By combining annotated sentiments, manually reviewed using the Sentiment Annotation Tool, with the initially extracted sentiments, the dataset achieves improved accuracy and reliability in sentiment classification.

### 2.4 Sentiment Annotation Tool
In the [Sentiment Annotation Tool](/data_preparation/annotation_tool.py), predictions from the previous section undergo human review. This tool, built with Streamlit, empowers users to:

- View each review alongside its current sentiment (extracted from Glassdoor) and the sentiment classified by [citizenlab/twitter-xlm-roberta-base-sentiment-finetunned](https://huggingface.co/citizenlab/twitter-xlm-roberta-base-sentiment-finetunned).
- Modify the sentiment of each review as needed, classifying them as:
- Positive
- Negative
- Neutral
- Download the updated dataset with corrected sentiment labels.

![Sentiment Annotation Tool Preview](./data_preparation/annotation_tool_preview.png)

## 3. Data Analysis

The [data_analysis.ipynb](/data_analysis/data_analysis.ipynb) notebook offers an in-depth examination of the Glassdoor reviews dataset, utilizing visualizations and statistical summaries to explore the distribution and sentiment of the review texts. Key components include a general overview that presents basic statistics and visualizations of reviews per company.

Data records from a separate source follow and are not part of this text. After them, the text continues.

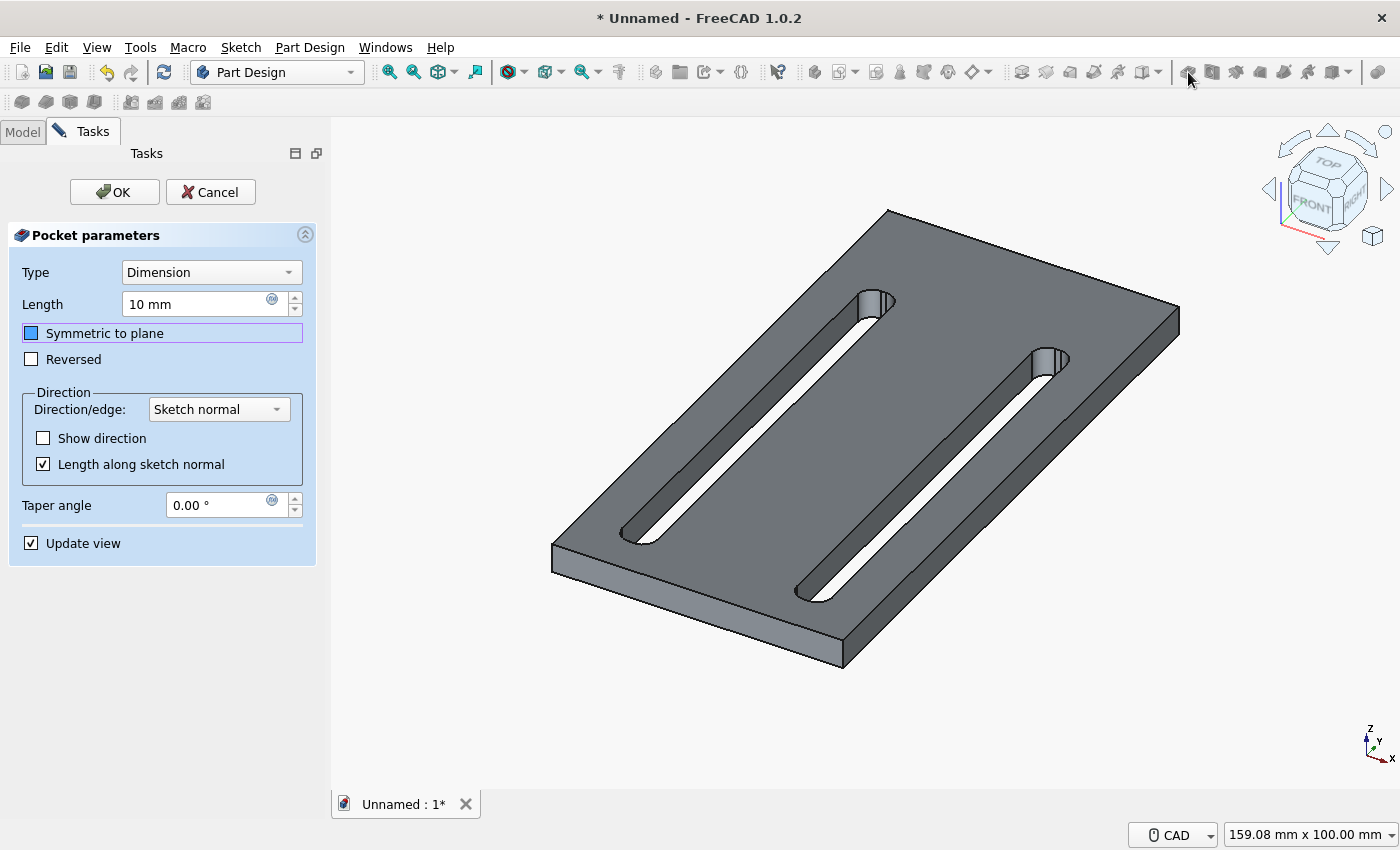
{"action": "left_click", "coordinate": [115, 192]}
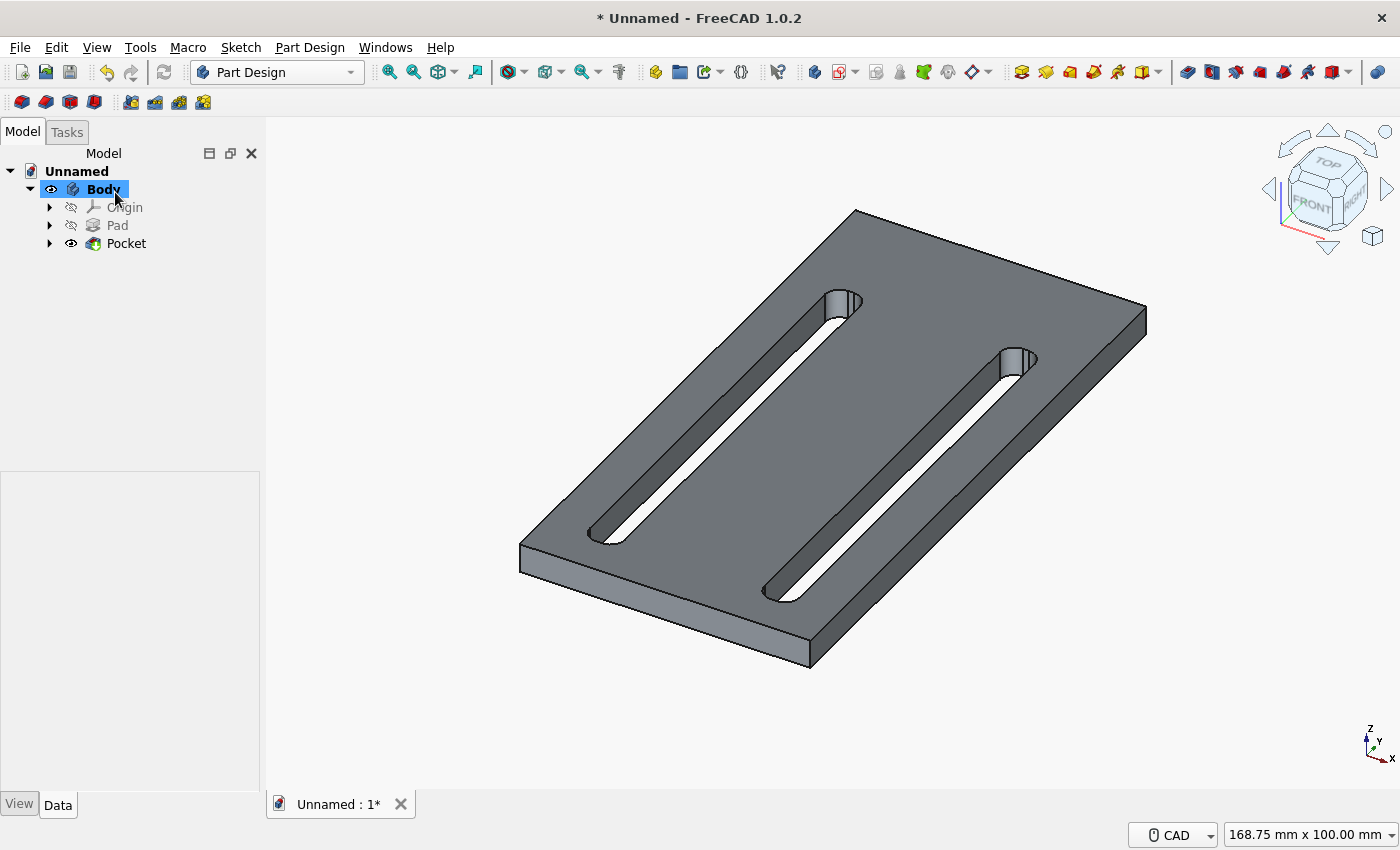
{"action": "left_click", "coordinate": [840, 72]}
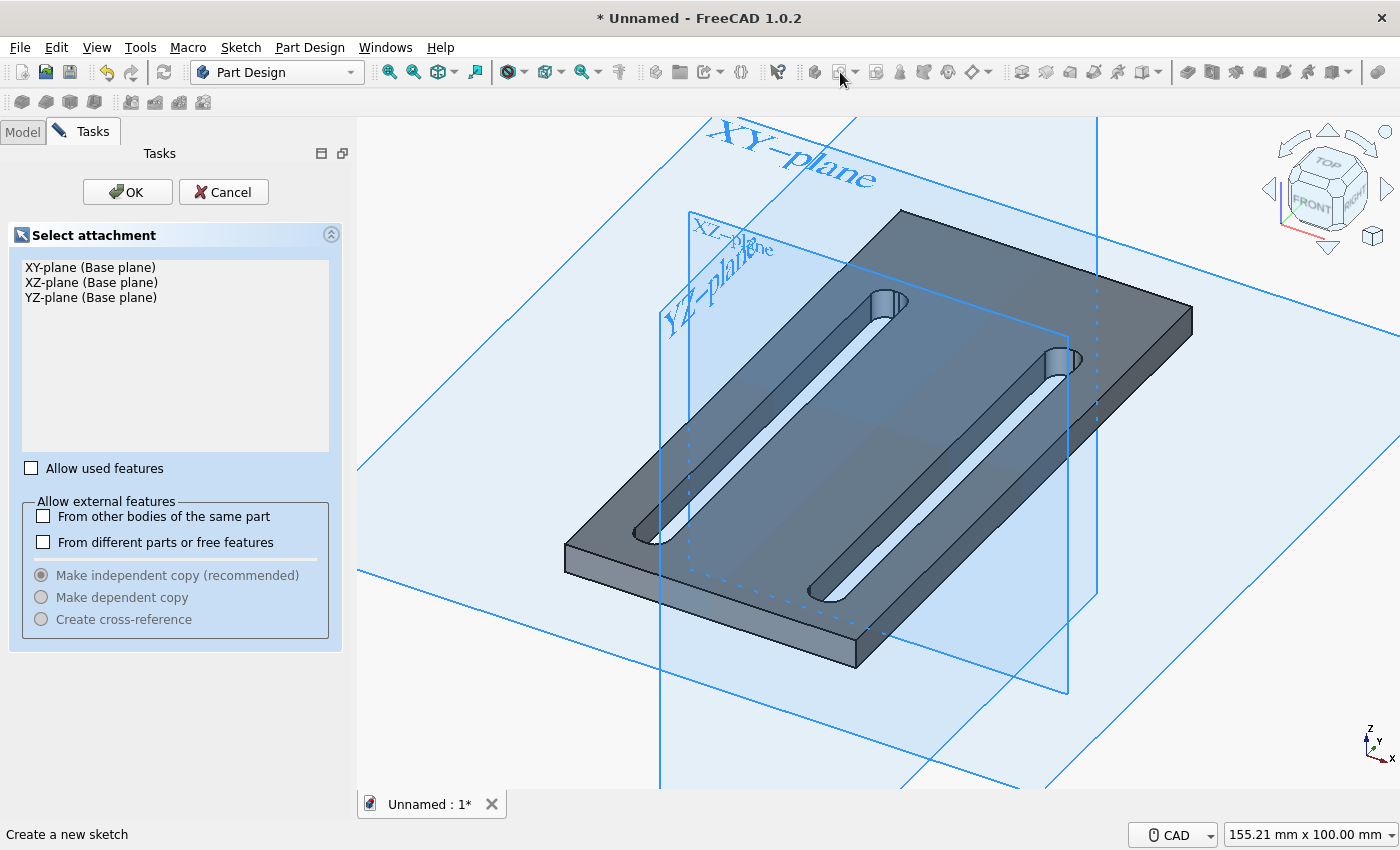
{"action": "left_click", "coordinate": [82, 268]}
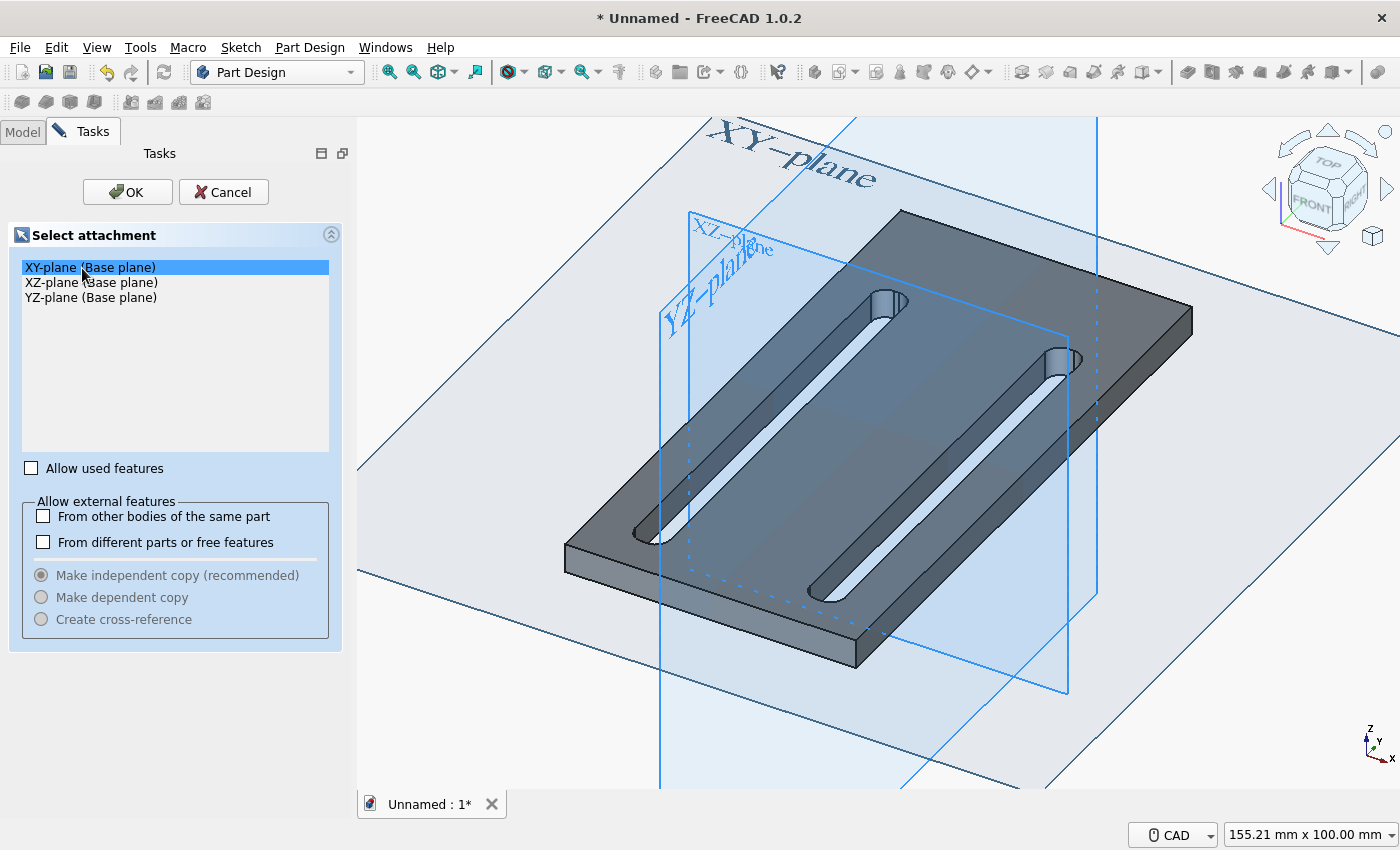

The analysis delves into review text characteristics, featuring histograms for text length, word counts, and average word length, alongside token frequency analysis using the BERT tokenizer. It also includes n-grams analysis to identify common bigrams and trigrams by sentiment, as well as word clouds to highlight frequent terms across different sentiment categories. Finally, the notebook presents a comprehensive sentiment analysis, illustrating the distribution of sentiments within the dataset and visualizing results post-manual annotation through various graphical tools.

## 4. Train model

The [train.ipynb](/train_model/train.ipynb) notebook is designed to train a sentiment analysis model on the Glassdoor reviews dataset. It provides a comprehensive workflow for training a sentiment analysis model, from data preparation to model evaluation and saving. Key steps in the notebook include:

### 4.1 Data Preparation:
- Loads and preprocesses the dataset, including text cleaning and tokenization.
- Splits the data into training and validation sets.

### 4.2 Model Setup:
- Configures the model architecture, typically using a pre-trained transformer model such as BERT.
- Sets up the training parameters, including learning rate, batch size, and number of epochs.

### 4.3 Training:
- Trains the model on the training set, monitoring performance on the validation set.
- Utilizes techniques such as early stopping and learning rate scheduling to optimize training.

### 4.4 Evaluation:
- Evaluates the trained model on the validation set, calculating metrics such as accuracy, precision, recall, and F1-score.
- Visualizes the training and validation loss over epochs to assess model performance.

### 4.5 Saving the Model:
- Saves the trained model and tokenizer for future inference and deployment.